Mit dem KBW-Austritt war die Geschäftsgrundlage für das Vorhaben „revolutionäre Betriebsarbeit“ unwiderruflich entfallen. Viele ehemalige GenossInnen nahmen damals wieder ein Studium auf, einzelne machten in der großen Politik Karriere. Ich verspürte in diese Richtung weiter keine Ambitionen. Das lag nicht nur am angeborenen Hang zur „Oblomowerei“ (“Wer nicht faulenzen kann, mit dem ist etwas faul”, Wiglaf Droste) und vermuteten intellektuellen Grenzen, wirklich ganz oben ankommen zu können. Die Entscheidung, den Blaumann weiter zu tragen, begründete sich für mich vor allem aus meinen konkreten Erfahrungen am Arbeitsplatz. Wer die Fabrikarbeit nicht durch die Brille proletarischer Romane betrachtet, muss einräumen, dass technische Neuerungen in der Produktion alles in allem die konkreten Arbeitsbedingungen körperlich erleichtert haben. Das galt zumindest für alle mir bekannten gewordenen Arbeitsplätze (23 Jahre in verschiedenen Chemiebetrieben). Gesundheitsschädlich wird die Arbeit in der Chemiebranche zuweilen dann, wenn technische Defekte auftreten bzw. Arbeitsschutzbestimmungen „übersehen“ werden. Beides waren Ausnahmefälle. In Hinblick auf eine Verletzung des Arbeitsschutzes war Abhilfe in normativer Hinsicht möglich, wenn man den Mund aufmachte. Finanziell konnte man damals bei bescheidenen Ansprüchen ebenfalls ganz gut über die Runden kommen („Es ist das Gefühl und nicht der Magen, was die Menschen glücklich macht“ (Bruno Traven), im Gegensatz zu unserer übertriebenen Propaganda einer drohenden „absoluten Verelendung der Arbeiterklasse“ etc. … Ich kündigte 1984 auch meine Mitgliedschaft in der IG Chemie auf, in die ich 1971 eingetreten war. Die Mindener Gewerkschaftsgruppe verstand sich zu dieser Zeit in ihrer übergroßen Mehrheit als Akklamationsorgan der innerhalb der Gewerkschaftsbewegung weit rechts positionierten Führung in Hannover und verweigerte jede politische Diskussion. …

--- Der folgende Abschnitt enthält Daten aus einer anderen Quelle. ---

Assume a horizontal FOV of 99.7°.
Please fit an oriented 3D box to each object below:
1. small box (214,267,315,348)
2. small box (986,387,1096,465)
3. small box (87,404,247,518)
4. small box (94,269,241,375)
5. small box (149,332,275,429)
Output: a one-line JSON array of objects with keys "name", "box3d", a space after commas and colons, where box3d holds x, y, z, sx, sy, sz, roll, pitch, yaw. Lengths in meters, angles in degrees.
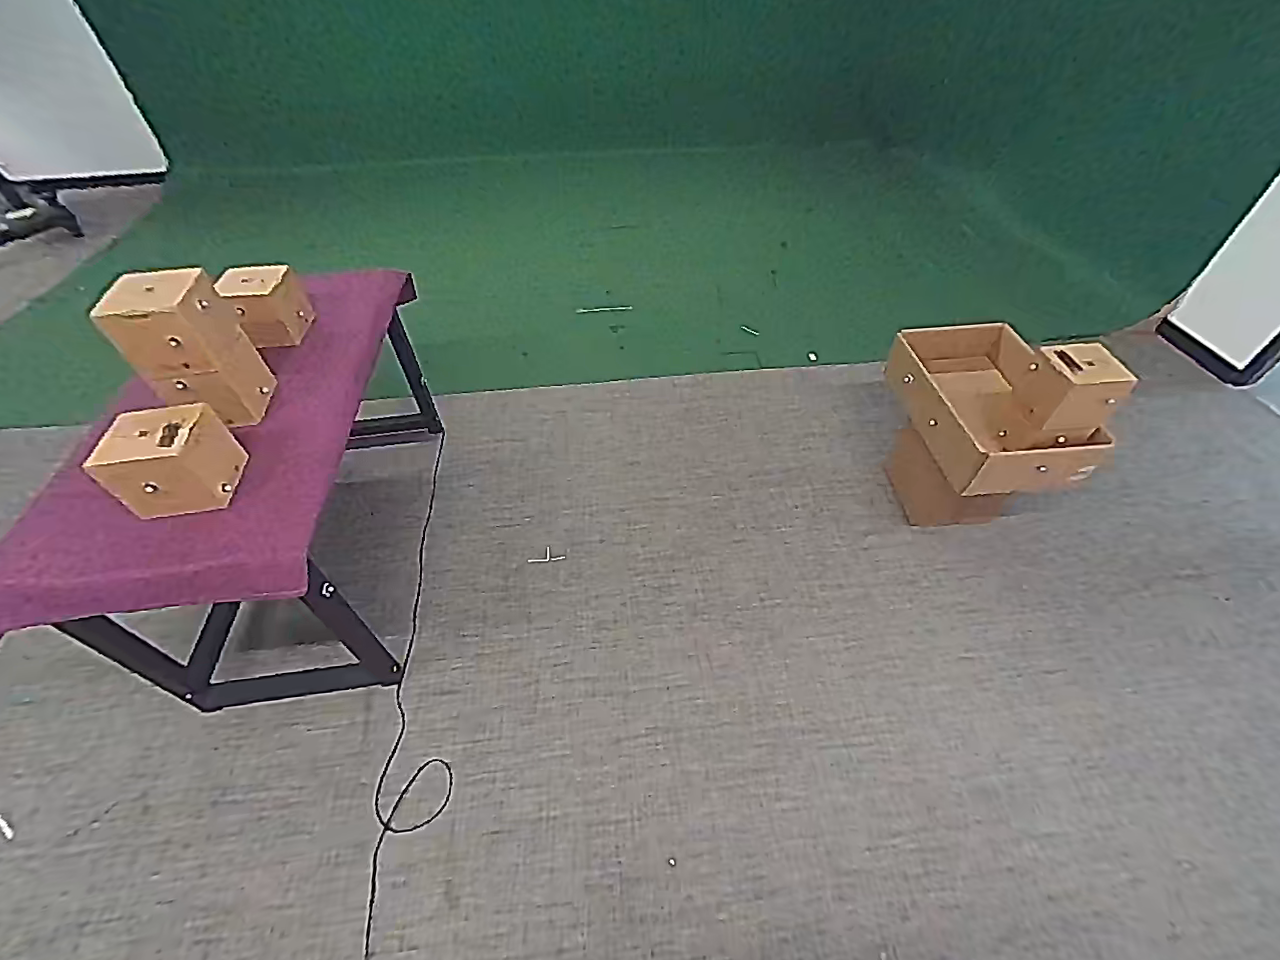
[{"name": "small box", "box3d": [-1.098, -0.501, 1.581, 0.179, 0.176, 0.168, -4, 49, -2]}, {"name": "small box", "box3d": [1.203, -0.162, 1.638, 0.179, 0.176, 0.168, -4, 50, -1]}, {"name": "small box", "box3d": [-1.000, -0.040, 1.166, 0.179, 0.176, 0.168, -9, 48, -5]}, {"name": "small box", "box3d": [-1.055, -0.352, 1.229, 0.168, 0.176, 0.179, -8, 49, -7]}, {"name": "small box", "box3d": [-1.053, -0.245, 1.353, 0.168, 0.176, 0.179, -9, 48, -6]}]

Innerbetrieblich meldete ich mich in Konfliktsituationen nur noch dann zu Wort, wenn ich unmittelbar betroffen war. … Kollegen, die selber stillhielten, aber Zeuge wurden, dass sich selbstbewusstes Auftreten bezahlt macht, kommentierten bisweilen ein bisschen neidisch: „Du hast hier ja Narrenfreiheit“. Während sich in der Produktion viele Kollegen über Monotonie und langweilig wiederkehrende Arbeitsprozesse beklagten, zog ich aus diesem Umstand eher einen Vorteil: je weniger Aufmeksamkeit ich auf die einzelnen praktischen Tätigkeiten verwenden (verschwenden) musste, desto länger konnte ich mich gedanklich mit interessanteren Dingen beschäftigen. Auf der Grundlage, dass ich die mir übertragenen Arbeiten so erledigte, dass niemand etwas daran aussetzen konnte, waren am Arbeitsplatz zum Teil beträchtliche Freiräume (besonders in der Spät- und Nachtschicht) zu verbuchen. Niemand widersprach, wenn ich dann während der Arbeitszeit las, Flugblätter oder Artikel vorbereitete und so weiter. Da ich mir keinen Arbeitsplatz vorzustellen vermochte, der vergleichbare Nischen geboten hätte, bin ich auch nach 1982 (bis zur Verrentung 1995) weiter im Betrieb geblieben. Fabrikarbeit war der Preis für mehr Freiheit. …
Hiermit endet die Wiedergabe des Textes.